Data from an ongoing clinical trial found that a booster dose of Moderna’s COVID-19 vaccine produced an immune response with no serious safety concerns, FDA staff said in briefing documents released on Tuesday.
However, similar to the Pfizer COVID-19 booster trial, the sample size is small, with 149 participants receiving a half-dose 50 μg booster at 6-8 months following the two-dose primary series, and clinical effectiveness is being inferred based on immunogenicity data.
The Vaccines and Related Biological Products Advisory Committee (VRBPAC) will meet on October 14 to discuss a Moderna booster dose for certain populations. Having learned from its experience with Pfizer, the FDA is asking VRBPAC to consider emergency use authorization (EUA) of a booster dose at least 6 months after the two-dose primary series in:
- Adults ages 65 and older
- Adults ages 18-64 at high risk for severe COVID
- Adults ages 18-64 whose occupational and institutional exposure puts them at risk of COVID exposure, such as healthcare workers and teachers
Primary support for a half-dose booster of Moderna vaccine comes from a phase II trial, P201, where participants were randomized to receive either a two-dose 50 μg series, 100 μg series, or placebo (part A), and then a 50 μg booster dose (part B).
Overall, 149 adults received the two-dose 100 μg series, which is the dose authorized under EUA, plus the booster dose and were evaluated for immunogenicity. They were a mean age of 53, about three-quarters were between ages 18-65, and 60% were women. Nearly all (95%) were white, and 14% had obesity. Median interval between completion of the primary series and the booster dose was about 7 months.
FDA staff noted adults with a history of chronic cardiovascular disease, chronic pulmonary disease, HIV, diabetes, and a history of hypertension were excluded from participating in study P201.
They added that “immunogenicity data from a random subset of P301 participants were used as the reference group for immunobridging analyses to infer vaccine effectiveness of the booster dose.” P301 was the phase III study that supported Moderna’s EUA for the two-dose vaccine in December.
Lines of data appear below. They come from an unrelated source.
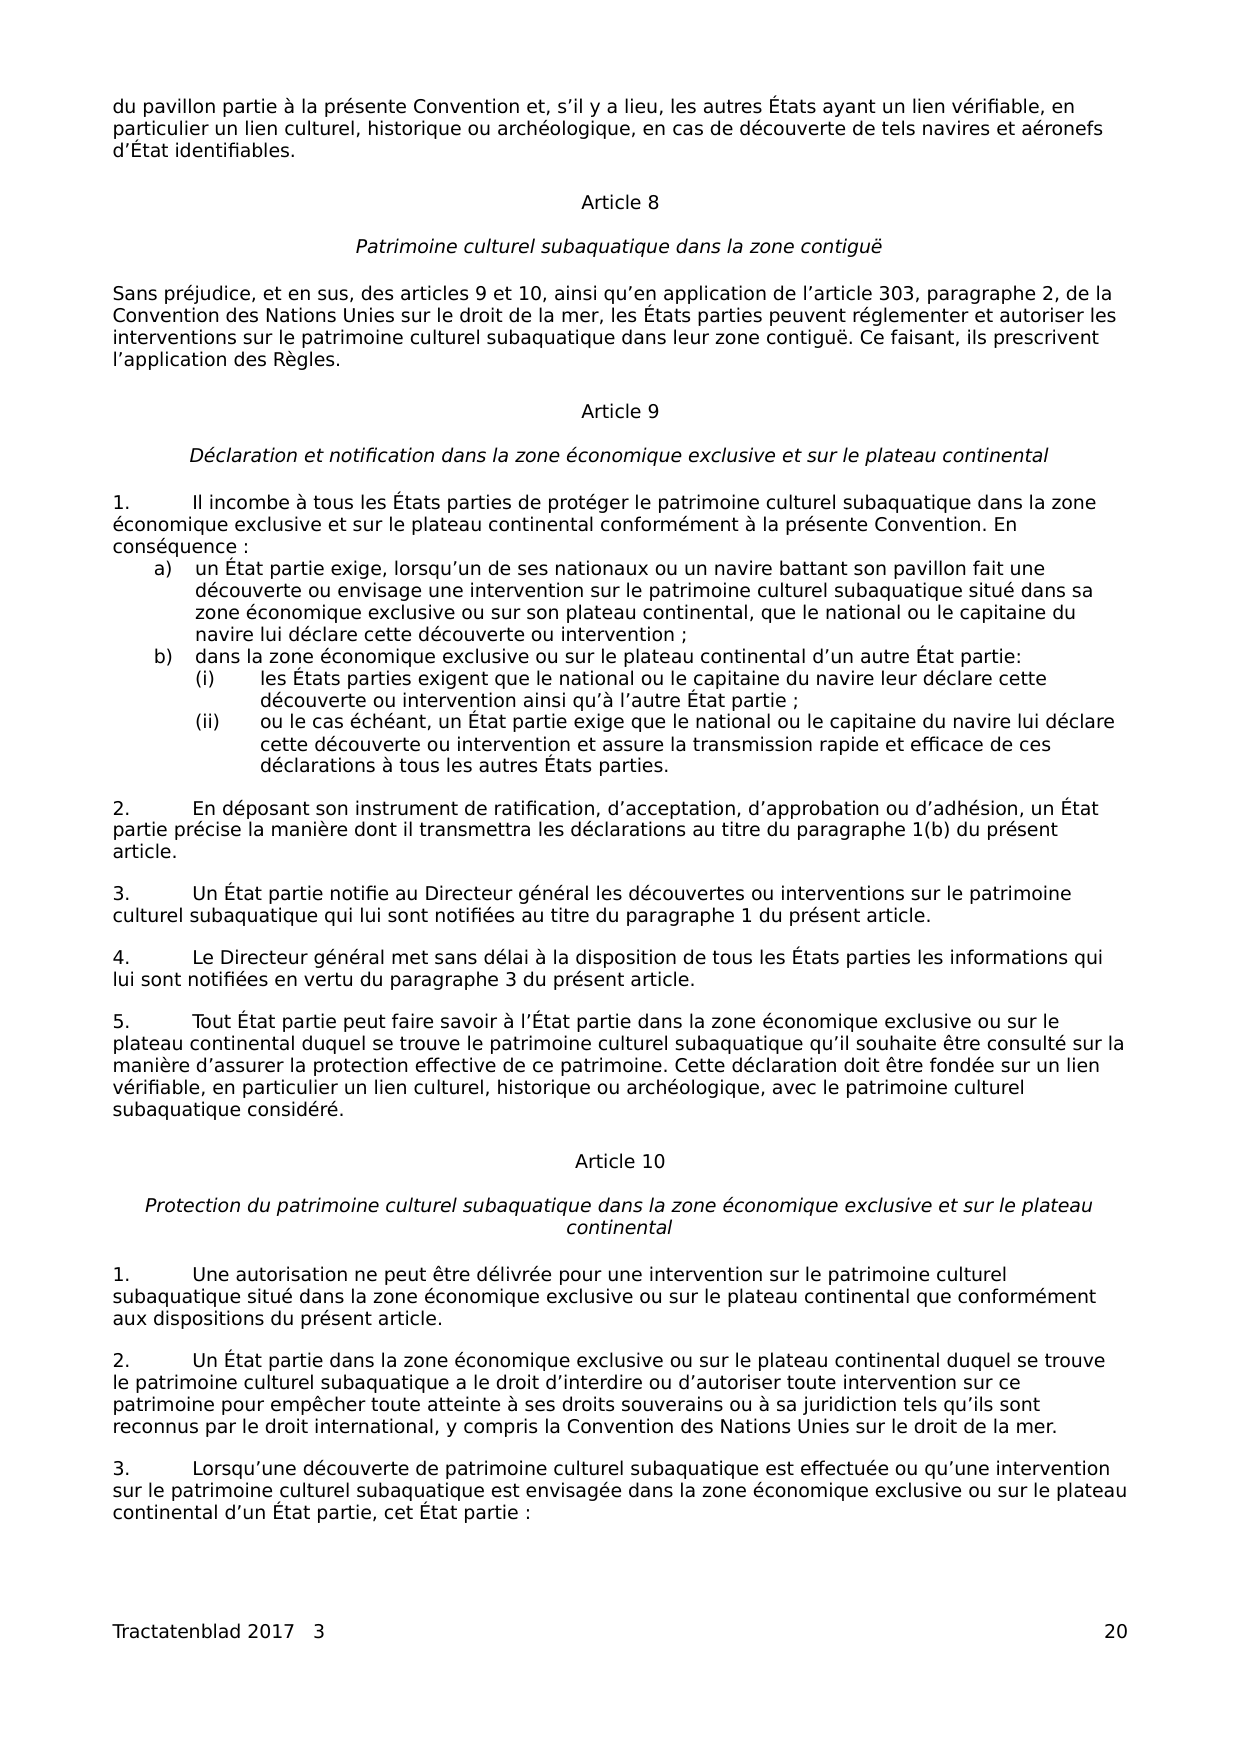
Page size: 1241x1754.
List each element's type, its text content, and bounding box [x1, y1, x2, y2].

text 2. Un État partie dans la zone économique exclusive ou sur le plateau continental duquel se trouve le patrimoine culturel subaquatique a le droit d’interdire ou d’autoriser toute intervention sur ce patrimoine pour empêcher toute atteinte à ses droits souverains ou à sa juridiction tels qu’ils sont reconnus par le droit international, y compris la Convention des Nations Unies sur le droit de la mer. [112, 1350, 1128, 1438]
text (ii) ou le cas échéant, un État partie exige que le national ou le capitaine du navire lui déclare cette découverte ou intervention et assure la transmission rapide et efficace de ces déclarations à tous les autres États parties. [195, 711, 1128, 777]
text 1. Il incombe à tous les États parties de protéger le patrimoine culturel subaquatique dans la zone économique exclusive et sur le plateau continental conformément à la présente Convention. En conséquence : [112, 492, 1128, 558]
text du pavillon partie à la présente Convention et, s’il y a lieu, les autres États ayant un lien vérifiable, en particulier un lien culturel, historique ou archéologique, en cas de découverte de tels navires et aéronefs d’État identifiables. [112, 96, 1128, 162]
text 5. Tout État partie peut faire savoir à l’État partie dans la zone économique exclusive ou sur le plateau continental duquel se trouve le patrimoine culturel subaquatique qu’il souhaite être consulté sur la manière d’assurer la protection effective de ce patrimoine. Cette déclaration doit être fondée sur un lien vérifiable, en particulier un lien culturel, historique ou archéologique, avec le patrimoine culturel subaquatique considéré. [112, 1011, 1128, 1121]
subtitle Article 8 Patrimoine culturel subaquatique dans la zone contiguë [112, 192, 1128, 258]
text 3. Lorsqu’une découverte de patrimoine culturel subaquatique est effectuée ou qu’une intervention sur le patrimoine culturel subaquatique est envisagée dans la zone économique exclusive ou sur le plateau continental d’un État partie, cet État partie : [112, 1458, 1128, 1524]
subtitle Article 9 Déclaration et notification dans la zone économique exclusive et sur le plateau continental [112, 401, 1128, 467]
text (i) les États parties exigent que le national ou le capitaine du navire leur déclare cette découverte ou intervention ainsi qu’à l’autre État partie ; [195, 667, 1128, 711]
text 3. Un État partie notifie au Directeur général les découvertes ou interventions sur le patrimoine culturel subaquatique qui lui sont notifiées au titre du paragraphe 1 du présent article. [112, 883, 1128, 927]
text 2. En déposant son instrument de ratification, d’acceptation, d’approbation ou d’adhésion, un État partie précise la manière dont il transmettra les déclarations au titre du paragraphe 1(b) du présent article. [112, 797, 1128, 863]
text 4. Le Directeur général met sans délai à la disposition de tous les États parties les informations qui lui sont notifiées en vertu du paragraphe 3 du présent article. [112, 947, 1128, 991]
text b) dans la zone économique exclusive ou sur le plateau continental d’un autre État partie: [153, 646, 1128, 667]
subtitle Article 10 Protection du patrimoine culturel subaquatique dans la zone économique exclusive et sur le plateau continental [112, 1151, 1128, 1239]
text a) un État partie exige, lorsqu’un de ses nationaux ou un navire battant son pavillon fait une découverte ou envisage une intervention sur le patrimoine culturel subaquatique situé dans sa zone économique exclusive ou sur son plateau continental, que le national ou le capitaine du navire lui déclare cette découverte ou intervention ; [153, 558, 1128, 646]
text Sans préjudice, et en sus, des articles 9 et 10, ainsi qu’en application de l’article 303, paragraphe 2, de la Convention des Nations Unies sur le droit de la mer, les États parties peuvent réglementer et autoriser les interventions sur le patrimoine culturel subaquatique dans leur zone contiguë. Ce faisant, ils prescrivent l’application des Règles. [112, 283, 1128, 371]
text 1. Une autorisation ne peut être délivrée pour une intervention sur le patrimoine culturel subaquatique situé dans la zone économique exclusive ou sur le plateau continental que conformément aux dispositions du présent article. [112, 1264, 1128, 1330]
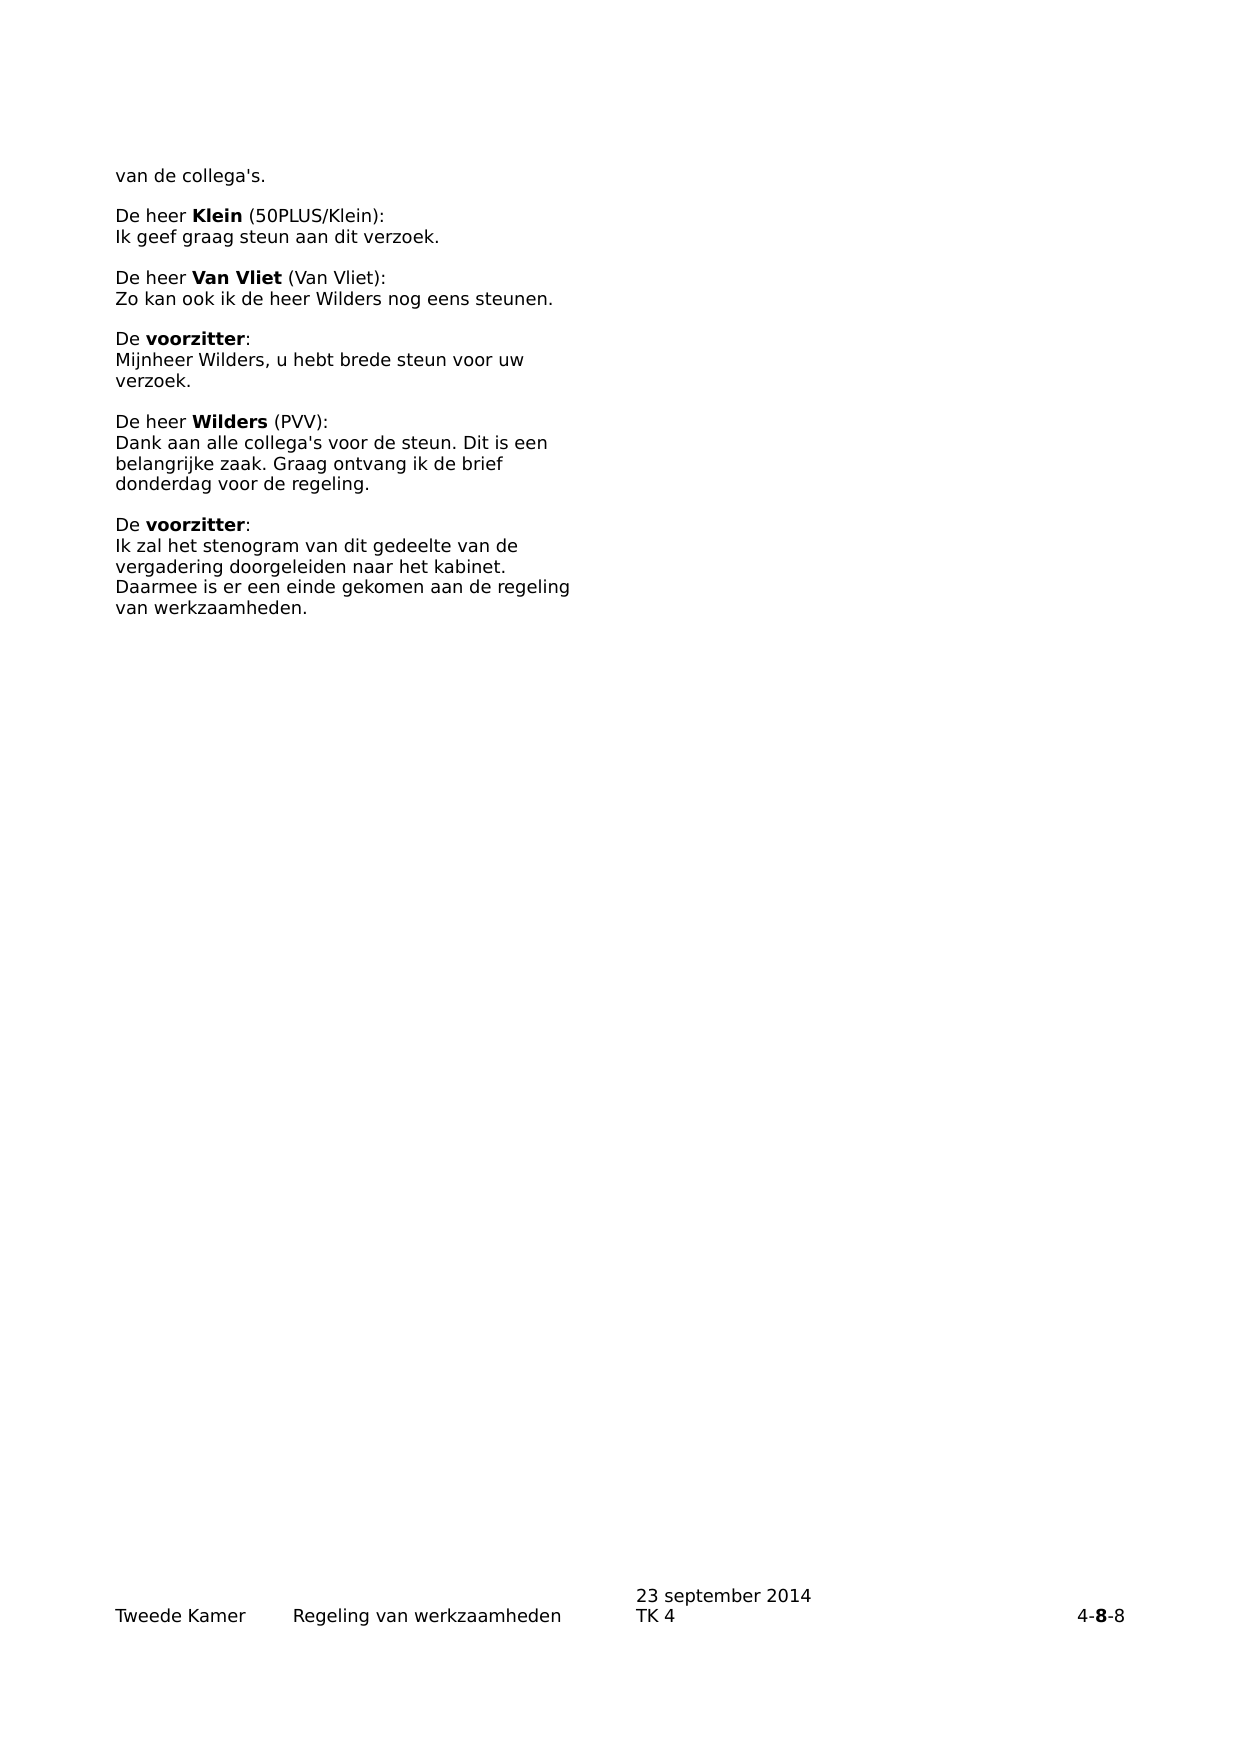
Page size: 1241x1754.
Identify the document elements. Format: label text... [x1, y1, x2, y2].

text De voorzitter: [115, 515, 605, 536]
text Dank aan alle collega's voor de steun. Dit is een belangrijke zaak. Graag ontvang ik de brief donderdag voor de regeling. [115, 432, 605, 495]
text Daarmee is er een einde gekomen aan de regeling van werkzaamheden. [115, 577, 605, 619]
text van de collega's. [115, 165, 605, 186]
text De heer Van Vliet (Van Vliet): [115, 268, 605, 288]
text De heer Klein (50PLUS/Klein): [115, 206, 605, 227]
text De heer Wilders (PVV): [115, 412, 605, 432]
text Zo kan ook ik de heer Wilders nog eens steunen. [115, 288, 605, 309]
text De voorzitter: [115, 329, 605, 350]
text Ik geef graag steun aan dit verzoek. [115, 227, 605, 248]
text Ik zal het stenogram van dit gedeelte van de vergadering doorgeleiden naar het kabinet. [115, 536, 605, 577]
text Mijnheer Wilders, u hebt brede steun voor uw verzoek. [115, 350, 605, 392]
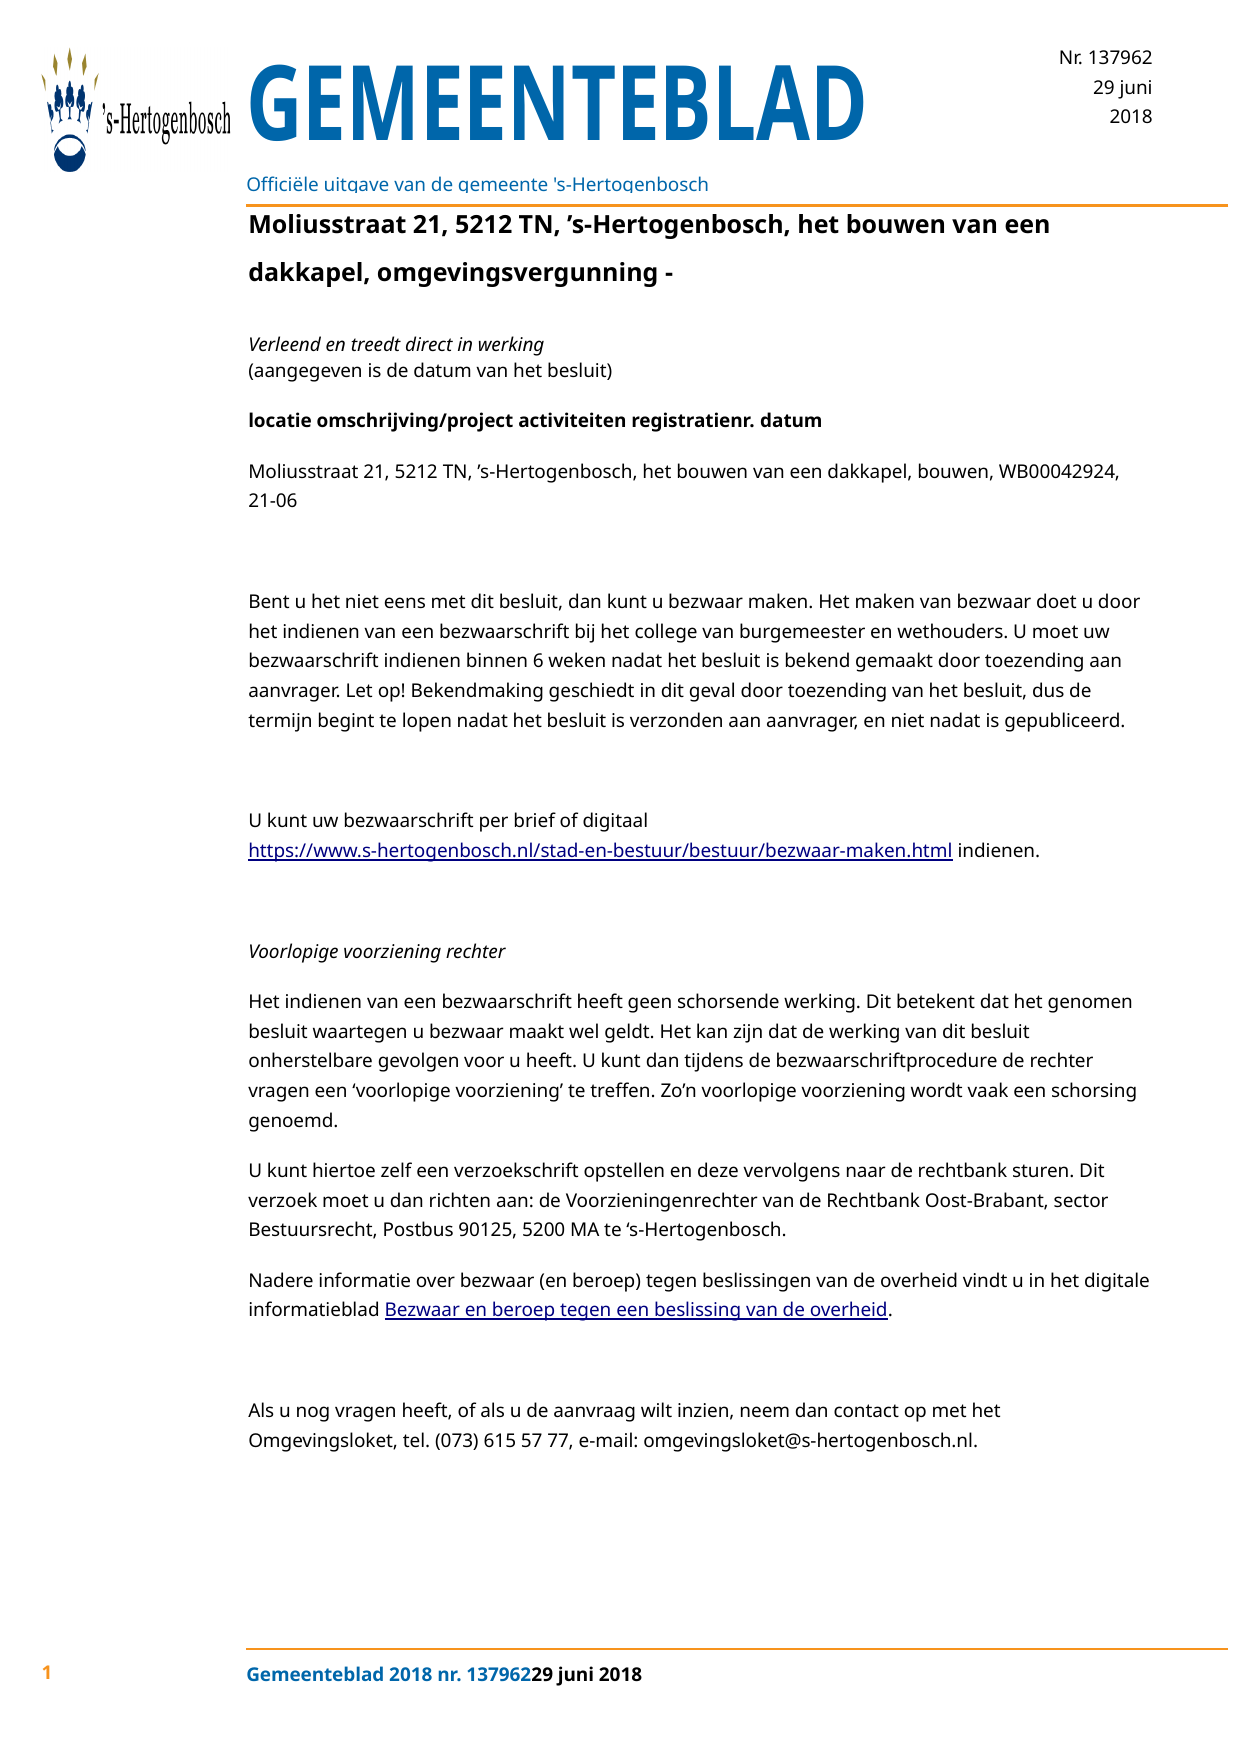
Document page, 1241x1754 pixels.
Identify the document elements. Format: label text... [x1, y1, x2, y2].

text Nadere informatie over bezwaar (en beroep) tegen beslissingen van de overheid vindt u in het digitale informatieblad Bezwaar en beroep tegen een beslissing van de overheid. [248, 1267, 1152, 1322]
text locatie omschrijving/project activiteiten registratienr. datum [248, 408, 1152, 433]
text Voorlopige voorziening rechter [248, 938, 1152, 964]
text Als u nog vragen heeft, of als u de aanvraag wilt inzien, neem dan contact op met het Omgevingsloket, tel. (073) 615 57 77, e-mail: omgevingsloket@s-hertogenbosch.nl. [248, 1397, 1152, 1452]
text Verleend en treedt direct in werking [248, 331, 1152, 357]
text Moliusstraat 21, 5212 TN, ’s-Hertogenbosch, het bouwen van een dakkapel, omgevingsvergunning - [248, 207, 1152, 288]
text Bent u het niet eens met dit besluit, dan kunt u bezwaar maken. Het maken van bezwaar doet u door het indienen van een bezwaarschrift bij het college van burgemeester en wethouders. U moet uw bezwaarschrift indienen binnen 6 weken nadat het besluit is bekend gemaakt door toezending aan aanvrager. Let op! Bekendmaking geschiedt in dit geval door toezending van het besluit, dus de termijn begint te lopen nadat het besluit is verzonden aan aanvrager, en niet nadat is gepubliceerd. [248, 588, 1152, 732]
text (aangegeven is de datum van het besluit) [248, 357, 1152, 383]
text U kunt uw bezwaarschrift per brief of digitaal https://www.s-hertogenbosch.nl/stad-en-bestuur/bestuur/bezwaar-maken.html indienen. [248, 808, 1152, 863]
picture [41, 47, 231, 172]
text Het indienen van een bezwaarschrift heeft geen schorsende werking. Dit betekent dat het genomen besluit waartegen u bezwaar maakt wel geldt. Het kan zijn dat de werking van dit besluit onherstelbare gevolgen voor u heeft. U kunt dan tijdens de bezwaarschriftprocedure de rechter vragen een ‘voorlopige voorziening’ te treffen. Zo’n voorlopige voorziening wordt vaak een schorsing genoemd. [248, 988, 1152, 1132]
text Moliusstraat 21, 5212 TN, ’s-Hertogenbosch, het bouwen van een dakkapel, bouwen, WB00042924, 21-06 [248, 458, 1152, 513]
text U kunt hiertoe zelf een verzoekschrift opstellen en deze vervolgens naar de rechtbank sturen. Dit verzoek moet u dan richten aan: de Voorzieningenrechter van de Rechtbank Oost-Brabant, sector Bestuursrecht, Postbus 90125, 5200 MA te ‘s-Hertogenbosch. [248, 1157, 1152, 1242]

Notably, study P201 participants were less racially and ethnically diverse, had a lower median BMI, a lower rate of obesity, and a lower percentage of men, though FDA staff said these differences were “unlikely to impact the clinical results from the safety and primary immunobridging analyses.”
While “immunobridging analyses against the D614G strain met the pre-specified success criteria for the [geometric mean titers] ratio,” FDA staff added that in seroresponse rates after the booster dose compared to dose 2, “the pre-specified success criterion was not met,” as the difference in seroresponse rate was -10.5%, and the lower limit of the 95% CI had a criteria of less than -10%.
As with Pfizer’s data, FDA staff seemed less than impressed with Moderna’s data on booster effectiveness against the Delta variant, commenting, “Moderna proposes to infer effectiveness of the booster dose against the Delta variant from exploratory descriptive analyses of neutralizing antibody titers against this variant evaluated among booster dose recipients from study P201 Part B.”
Interestingly, there were 38 COVID-19 cases of 171 booster recipients reported during the Delta surge in study P201. Moderna performed a post hoc analysis of incidence of SARS-CoV-2 among participants originally randomized to Moderna vaccine (median 13 months post-dose 2) and the participants randomized to placebo and crossed over to Moderna (median 7.9 months, post-dose 2). The analysis showed 77.1 cases per 1,000 person-years versus 49.0 cases per person-years, respectively. However, this analysis was not independently verified by the FDA.
Examining safety, 344 participants contributed to the P201B safety set, 171 of whom received the 100 μg primary series, they noted.
FDA staff noted a higher rate of lymphadenopathy among adults ages 18-64 after the booster dose versus the primary series (24.8% vs 11.6%, respectively), but no evidence of “increased frequency or severity of local or systemic reactions after the booster dose, they said. Rates of lymphadenopathy were also significantly higher among adults ages 18-64 than adults ages 65 and up (24.8% vs 5.3%). Fatigue and headache were the most common unsolicited adverse events (AEs).”
There were no deaths or vaccine-related serious AEs, such as myocarditis, pericarditis, anaphylaxis, Bell’s palsy, or thrombotic or embolic events, in the 344 participants. They were followed up for a median of 5.7 months.
Similar to the Pfizer booster VRBPAC meeting, Thursday’s agenda indicates that Israeli researchers will present real-world evidence on the need for COVID-19 booster doses.